This is a chronological list of Manchester City managers, comprising all those who have held the position of manager for the first team and its predecessors West Gorton (St. Marks) and Ardwick. In the Football League era the club has appointed 47 managers; including pre-league managers and temporary caretakers more than 40 men have held responsibility for team selection. Nine of them have won major silverware.

The longest serving manager was Wilf Wild, who was in charge from 1932 to 1946, for a total length of 14 years and 9 months. However, as Wild's tenure covered the entire length of the Second World War, in which no competitive football was played, he is not the man with the most competitive seasons served as manager. Les McDowall, who was in charge from 1950 to 1963, a period of 13 years, managed the club for the most competitive seasons.
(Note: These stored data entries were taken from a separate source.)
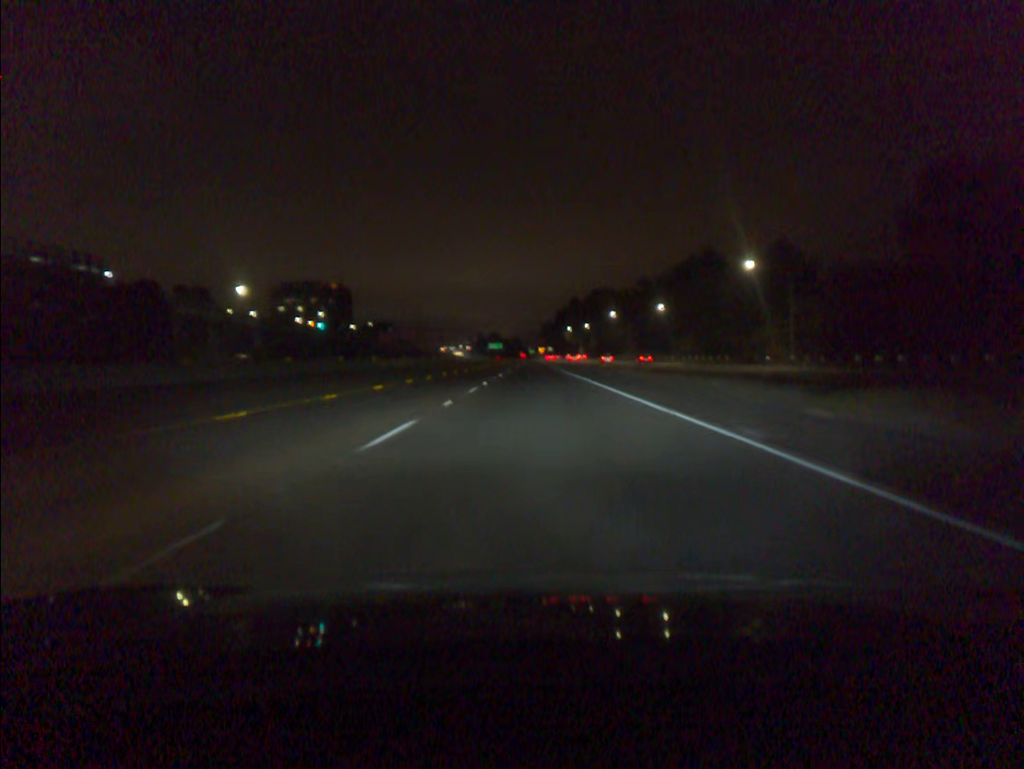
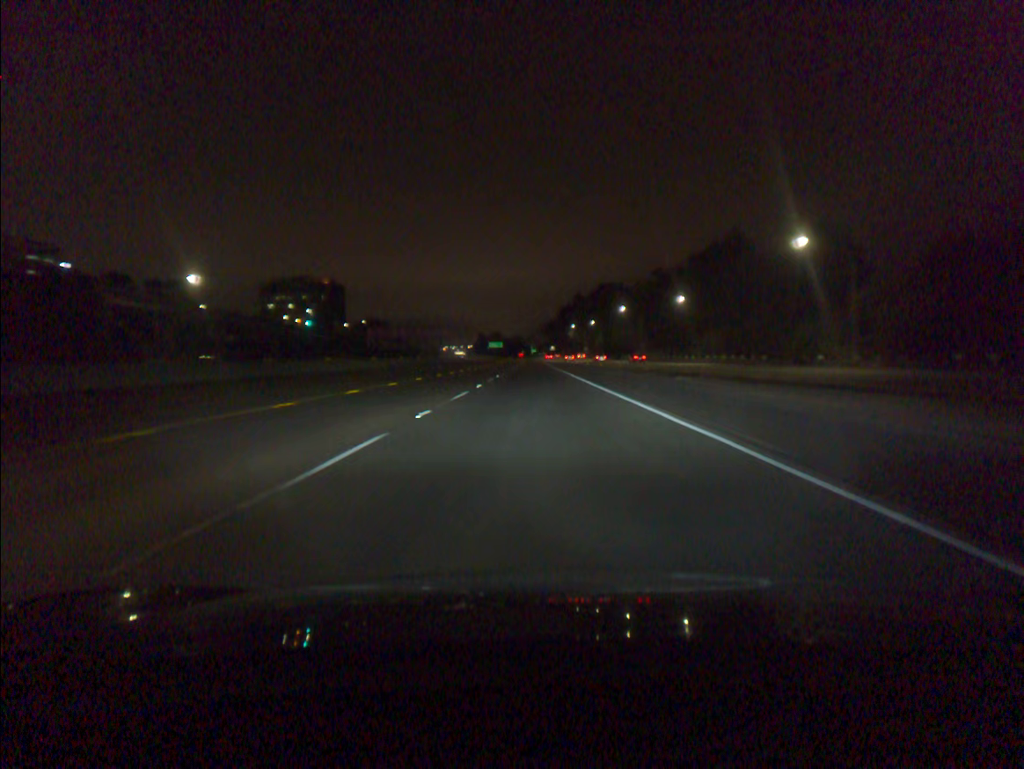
(0.0, +18.2) m; 0°
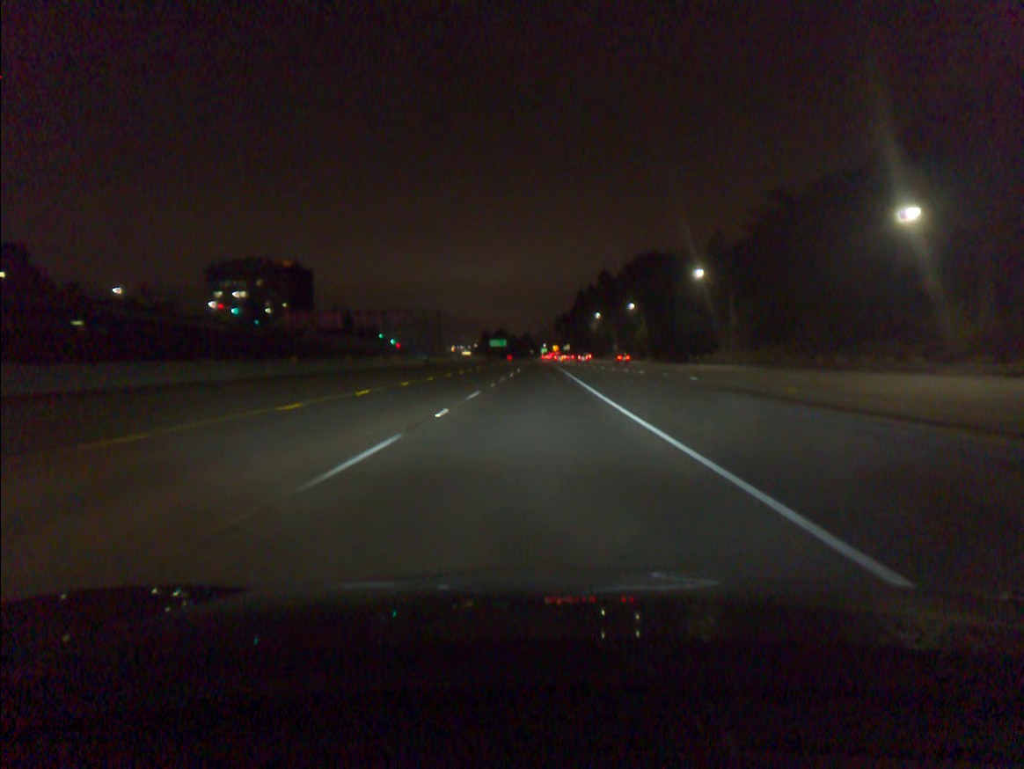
(-0.5, +73.1) m; -1°
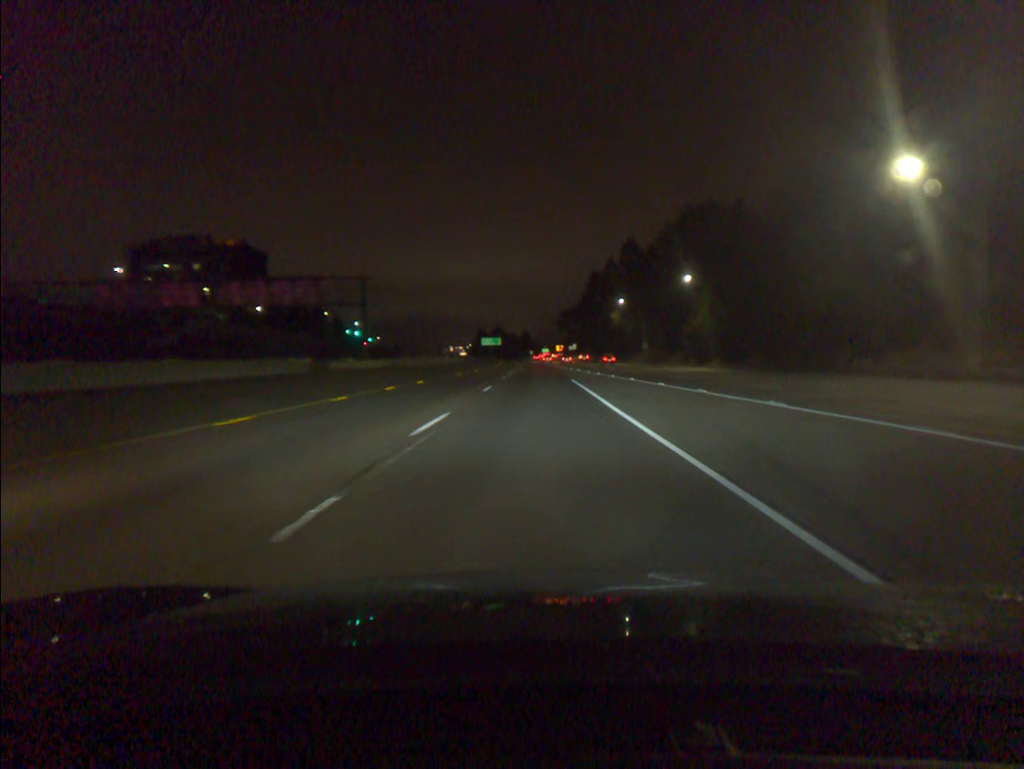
(-0.1, +54.9) m; 0°
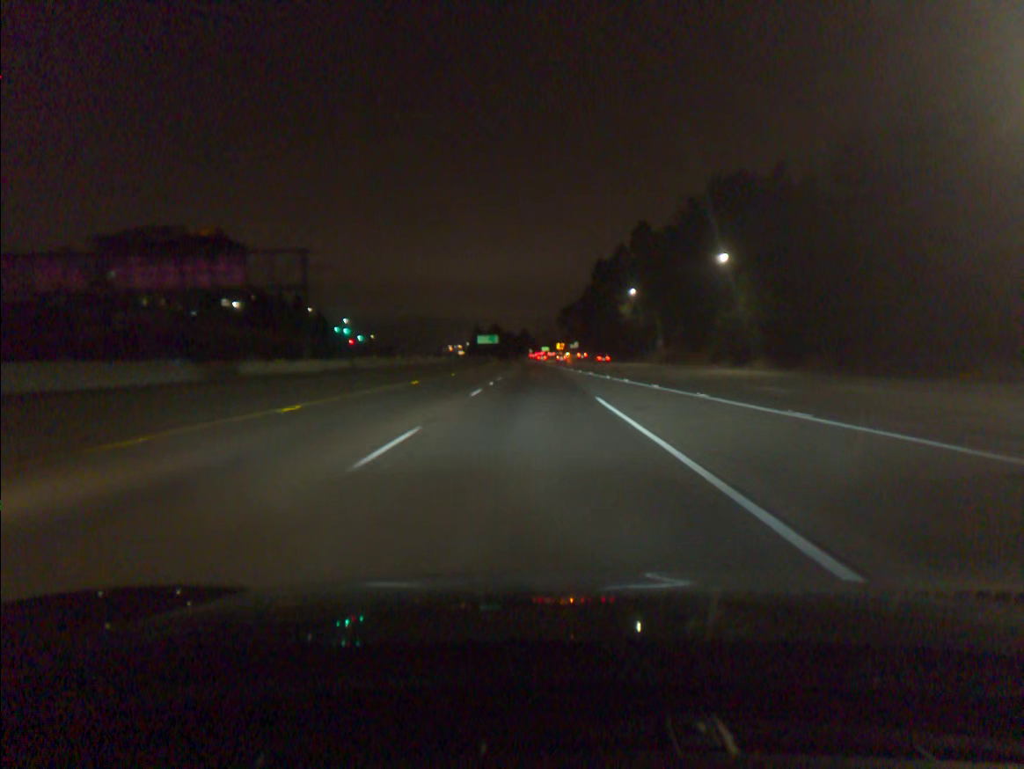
(0.0, +18.3) m; 0°
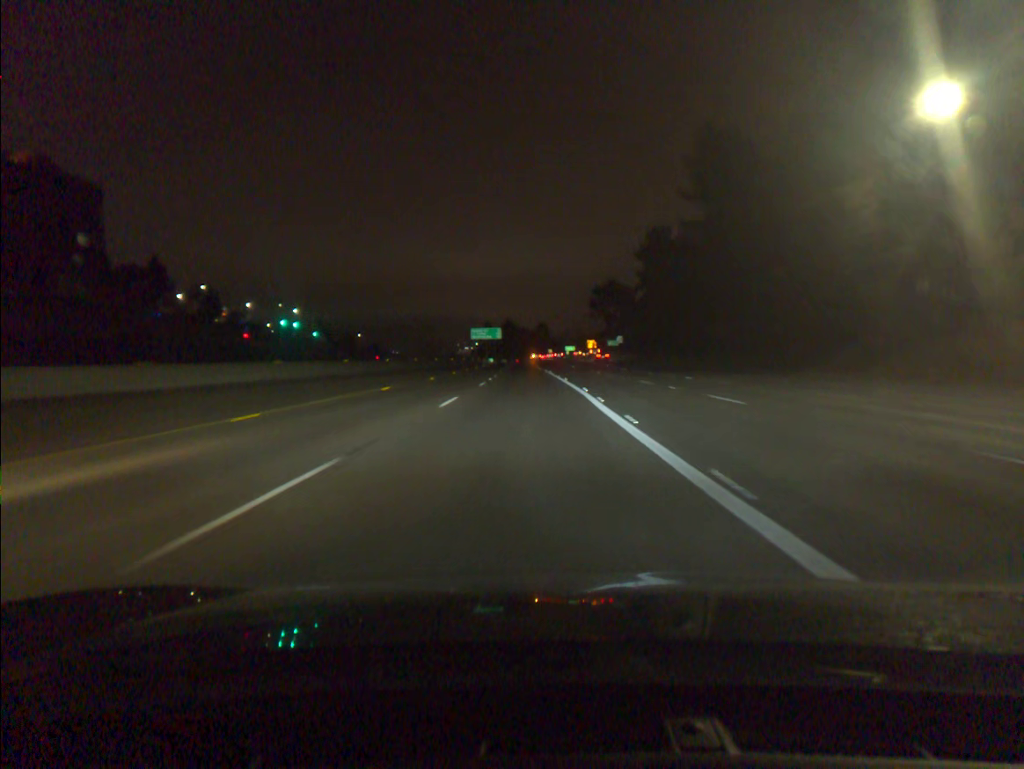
(-0.6, +91.8) m; -2°
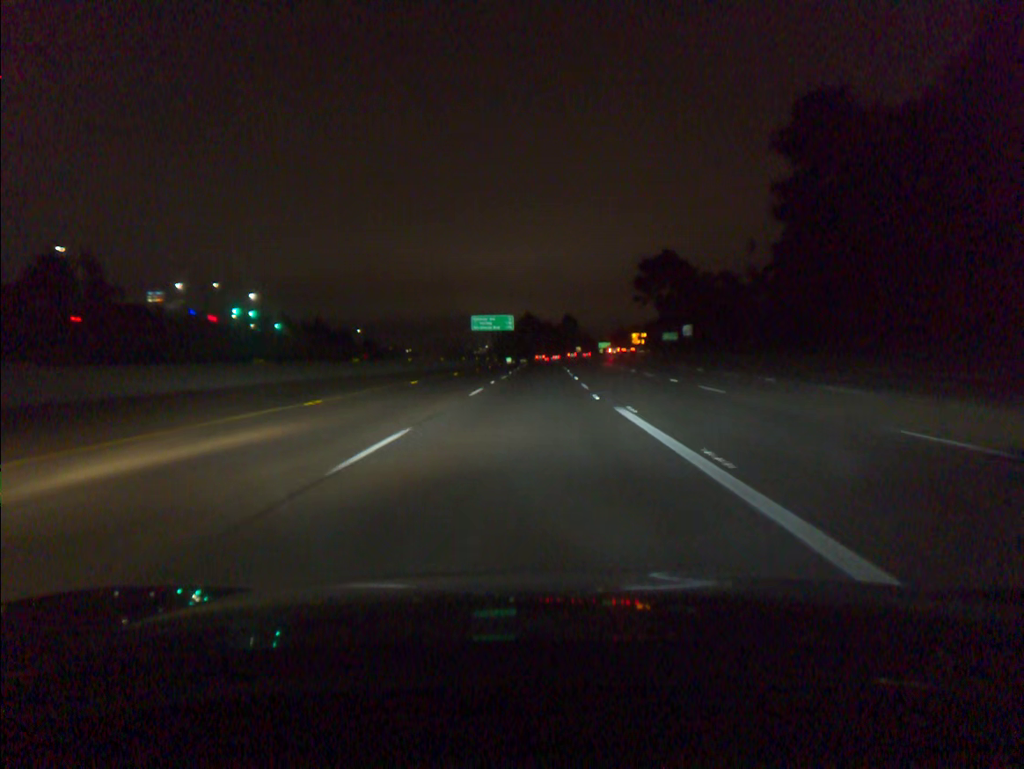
(-1.0, +54.9) m; -2°

The most successful manager of Manchester City and the manager who took charge of most games was Pep Guardiola, who managed 593 games, and won 20 trophies in his ten years in charge between 2016 and 2026. He is also the leading manager in terms of games won and % of games won.

==History==
===Early years (1880s–1950s)===

Les McDowall was City manager from 1950 to 1963; his tenure of thirteen years makes him the longest-serving manager in Manchester City's history.

In the era before league football, the position of manager involved many secretarial duties, arranging fixtures and the upkeep of the club's ground. Few accounts of the club's off-field affairs in the 1880s survive, and it is unclear who managed the club (then known as West Gorton (St. Marks)) between 1882 and 1884. The club's earliest managers were also players; the first three known managers (Frederick Hopkinson, Edward Kitchen and Walter Chew) all played in West Gorton's first recorded match in 1880. By 1889 the club had moved to Hyde Road and renamed itself Ardwick A.F.C. Under the management of Lawrence Furniss, the club joined the Football League in 1892 as founder members of the Second Division. Furniss became chairman a year later, and he and his successor as secretary-manager Joshua Parlby were responsible for Ardwick reforming as Manchester City F.C. in 1894.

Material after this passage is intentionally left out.